Risk assessments were not in place for all risks related to people’s support needs.

Professionals raised concerns that it was difficult to contact the service and that staff were not always aware of guidance provided by external professionals.

Support for people with what they ate and drank was not always person centred or safe.

Right culture

The provider had not identified that the model and setting of the service limited people’s quality of life and did not reflect best practice. The service was not similar to dwellings other people would live in and was distinguishable from surrounding accommodation.

There had been inconsistent management at the service and relatives raised concerns that the service had not improved sufficiently since the provider took responsibility for it.

Staff had not all received training in learning disabilities or person-centred care. This meant they had a limited understanding of best practice models of care.

Relatives told us they did not always feel involved in their family member’s life. Records showed they had not always been included when decisions had been made on behalf of people who lacked the capacity to make the decisions themselves.

The provider had not ensured that people’s records and staff skills were in place and up to date. This had a negative impact on people’s quality of life.

Tools and audits to monitor the service had not been used effectively to ensure the service improved and met people’s needs.

For more details, please see the full report which is on the CQC website at www.cqc.org.uk

Rating at last inspection

The last rating for this service was good (published 30 April 2019). At that time, the setting we visited for this inspection was not part of the service.

Why we inspected

This inspection was prompted by a review of the information we held about this service.

We undertook a focused inspection to review the key questions of safe, effective and well-led only. For those key questions not inspected, we used the ratings awarded at the last inspection to calculate the overall rating.

The overall rating for the service has changed from good to inadequate based on the findings of this inspection.

We have found evidence that the provider needs to make improvements. Please see the safe, effective and well led sections of this report.

You can see what action we have asked the provider to take at the end of this full report.

You can read the report from our last comprehensive inspection, by selecting the ‘all reports’ link for Ambito Community Services South West on our website at www.cqc.org.uk

Enforcement and Recommendations

We have identified breaches in relation to consent, safe care and treatment, person centred care, governance of the service and staffing at this inspection.

Follow up

We will meet with the provider following this report being published to discuss how they will make changes to ensure they improve their rating to at least good. We will work with the local authority to monitor progress.
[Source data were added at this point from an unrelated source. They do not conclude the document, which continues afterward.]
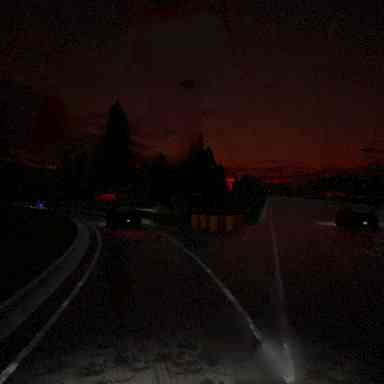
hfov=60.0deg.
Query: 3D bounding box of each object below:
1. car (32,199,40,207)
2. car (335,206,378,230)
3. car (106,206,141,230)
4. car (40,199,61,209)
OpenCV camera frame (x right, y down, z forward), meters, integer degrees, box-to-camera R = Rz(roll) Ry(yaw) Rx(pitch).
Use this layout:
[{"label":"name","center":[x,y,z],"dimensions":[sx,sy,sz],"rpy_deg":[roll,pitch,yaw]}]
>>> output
[{"label":"car","center":[-30.551,2.218,66.280],"dimensions":[1.812,1.442,4.674],"rpy_deg":[0,-1,-37]},{"label":"car","center":[10.811,1.674,22.021],"dimensions":[1.812,1.442,4.674],"rpy_deg":[0,-1,13]},{"label":"car","center":[-4.929,1.721,23.593],"dimensions":[1.882,1.535,5.008],"rpy_deg":[0,-1,-21]},{"label":"car","center":[-24.357,2.151,57.977],"dimensions":[2.128,1.511,4.902],"rpy_deg":[0,-1,-37]}]
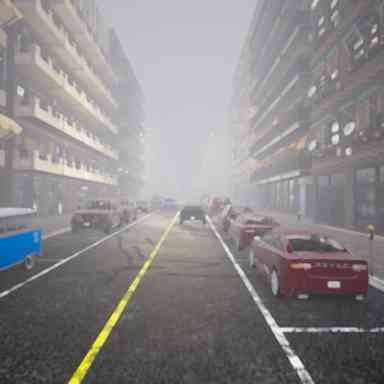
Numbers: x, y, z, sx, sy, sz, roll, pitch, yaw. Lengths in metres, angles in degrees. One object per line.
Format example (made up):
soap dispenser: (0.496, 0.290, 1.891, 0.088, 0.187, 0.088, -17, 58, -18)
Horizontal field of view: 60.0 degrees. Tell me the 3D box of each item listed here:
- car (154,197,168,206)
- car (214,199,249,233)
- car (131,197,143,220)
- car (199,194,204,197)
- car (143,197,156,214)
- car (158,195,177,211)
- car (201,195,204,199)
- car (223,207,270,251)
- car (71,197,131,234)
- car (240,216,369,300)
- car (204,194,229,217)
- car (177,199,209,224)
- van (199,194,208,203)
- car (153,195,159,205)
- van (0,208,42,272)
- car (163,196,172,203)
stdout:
car: (-5.395, 1.574, 58.073, 1.887, 1.381, 4.507, 1, 0, 0)
car: (2.562, 1.430, 19.313, 1.967, 1.590, 4.097, 1, 0, 0)
car: (-5.332, 1.307, 24.889, 2.192, 1.841, 5.009, 1, 0, 0)
car: (2.447, 1.356, 63.563, 2.192, 1.841, 5.009, 1, 0, 0)
car: (-5.357, 1.562, 35.952, 1.947, 1.339, 4.313, 1, 0, 0)
car: (-2.819, 1.479, 41.762, 1.882, 1.535, 5.008, 0, 0, 0)
car: (2.482, 1.441, 41.438, 1.967, 1.590, 4.097, 1, 0, 0)
car: (2.562, 1.536, 13.781, 1.887, 1.381, 4.507, 1, 0, 0)
car: (-5.323, 1.307, 19.360, 2.192, 1.841, 5.009, 1, 0, 0)
car: (2.571, 1.538, 8.251, 1.887, 1.381, 4.507, 1, 0, 0)
car: (2.505, 1.307, 30.374, 2.192, 1.841, 5.009, 1, 0, 0)
car: (0.057, 1.496, 24.815, 1.837, 1.490, 4.892, 0, 0, 0)
van: (2.436, 1.398, 69.095, 1.690, 1.788, 3.998, 1, 0, 0)
car: (-5.380, 1.333, 52.542, 2.192, 1.841, 5.009, 1, 0, 0)
van: (-5.304, 1.336, 8.299, 1.690, 1.788, 3.998, 1, 0, 0)
car: (-5.425, 1.657, 74.667, 1.802, 1.307, 4.206, 1, 0, 0)

We will continue to monitor information we receive about the service, which will help inform when we next inspect.

The overall rating for this service is ‘Inadequate’ and the service is therefore in ‘special measures’. This means we will keep the service under review and, if we do not propose to cancel the provider’s registration, we will re-inspect within 6 months to check for significant improvements.

If the provider has not made enough improvement within this timeframe and there is still a rating of inadequate for any key question or overall rating, we will take action in line with our enforcement procedures. This will mean we will begin the process of preventing the provider from operating this service. This will usually lead to cancellation of their registration or to varying the conditions the registration.

For adult social care services, the maximum time for being in special measures will usually be no more than 12 months. If the service has demonstrated improvements when we inspect it and it is no longer rated as inadequate for any of the five key questions it will no longer be in special measures.

We proposed to require the provider to report to us each month about the improvements they were making but the provider closed the service before this came into effect.